The question came out after a beat, almost casual. But there was something underneath it that wasn’t casual at all.
He was watching Guilliman.
Guilliman was the type who spotted opportunities and moved on them before most people had finished registering the situation. Lucas had seen that much clearly enough from the abomination encounter. For someone like that to be sitting here while the others were out collecting points didn’t quite line up.
Something was different.
"Oh." Guilliman glanced away slightly, like it wasn’t worth much attention. "I already went. Just trying to soak in the new level."
He said it quietly.
Muttered, almost.
The three stood there.
A beat passed.
Then another.
It landed.
All three of them looked at him at the same moment, eyes dropping instinctively to his level display.
Level 20.
A-rank.
He had broken through.
The silence that followed wasn’t empty. It was full of things none of them said. Poison Lilly’s expression shifted through something complicated before settling. Hammerhead just stared. Lucas looked at Guilliman for a long moment with an expression that was hard to read, something between reassessment and a quiet kind of respect.
Nobody said congratulations.
It didn’t feel like the right word for it.
,,,,,,,,,,,,,
.....
Elsewhere in the cave system, the air was still sharp with the aftermath of a fight.
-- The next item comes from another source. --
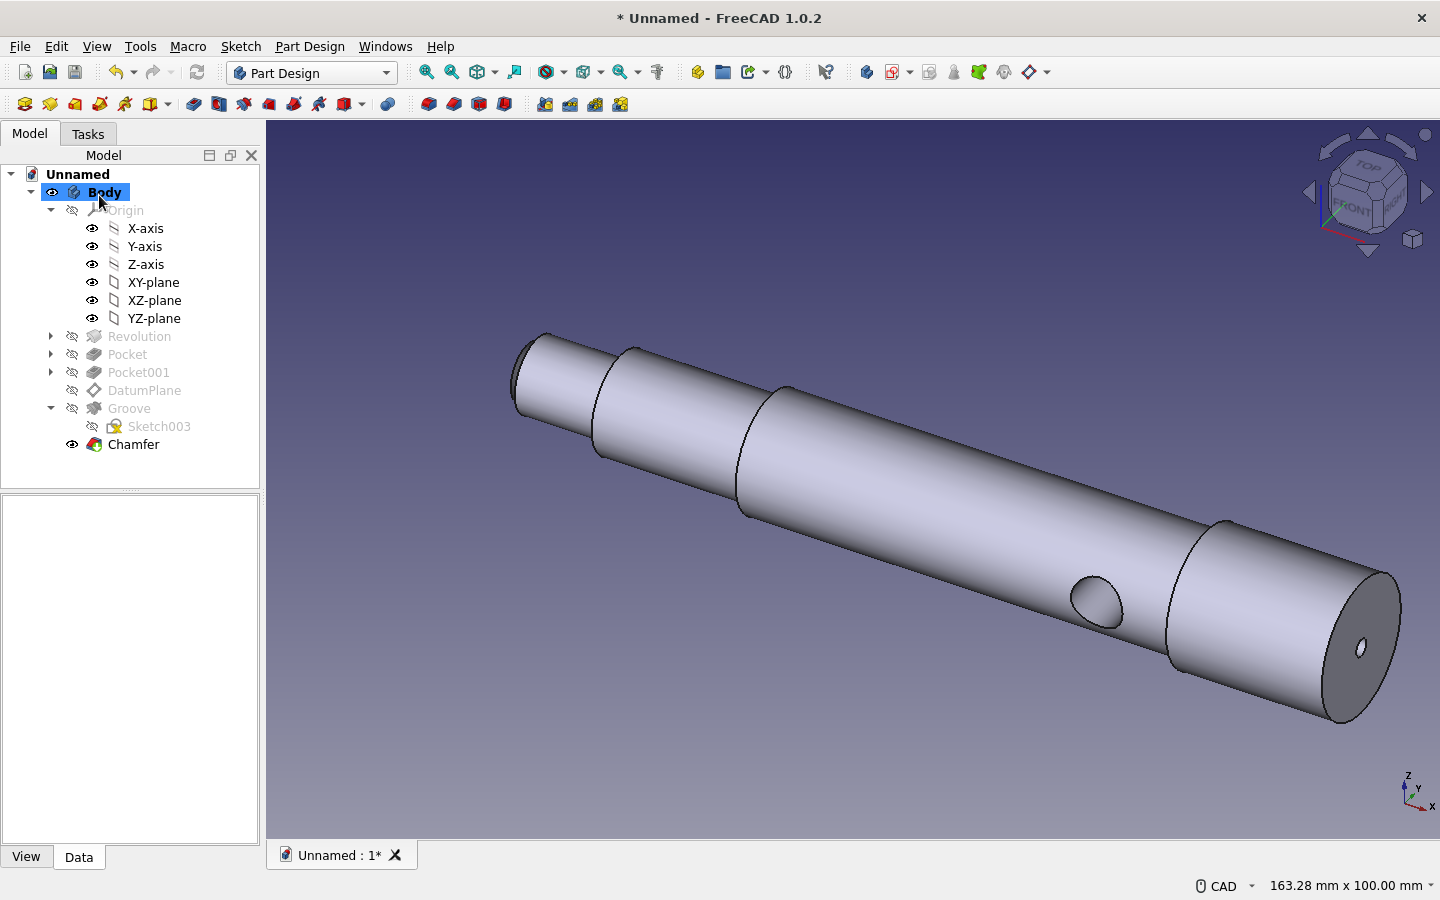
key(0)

Two abominations had been engaged.
Only one was dead.
River Bandit stood over the corpse and said nothing, jaw tight, eyes working through what had just happened and not arriving anywhere satisfying.
"What was that?"
The man beside him couldn’t keep it in. He was staring at the space where it had appeared. A serpentine creature, massive and fast, materializing from nothing. It had closed the distance in less than a second and driven its teeth into the second abomination before vanishing the same way it came.
Gone.
Just like that.
The second abomination had fled with it. Injured but alive. Escaped into the deeper tunnels before anyone could close the angle.
Of two targets, they had one body.
"I don’t know," River Bandit said.
The frown on his face didn’t move.
He genuinely didn’t know. The creature hadn’t matched anything from the standard records of this zone. The speed was wrong. The appearance was wrong. The disappearance was wrong.
He looked at the corpse in front of him, then at the dark tunnel where the second abomination had vanished.
Something had been here.
Something that wasn’t supposed to be in this part of the valley.
He filed it quietly and said nothing else.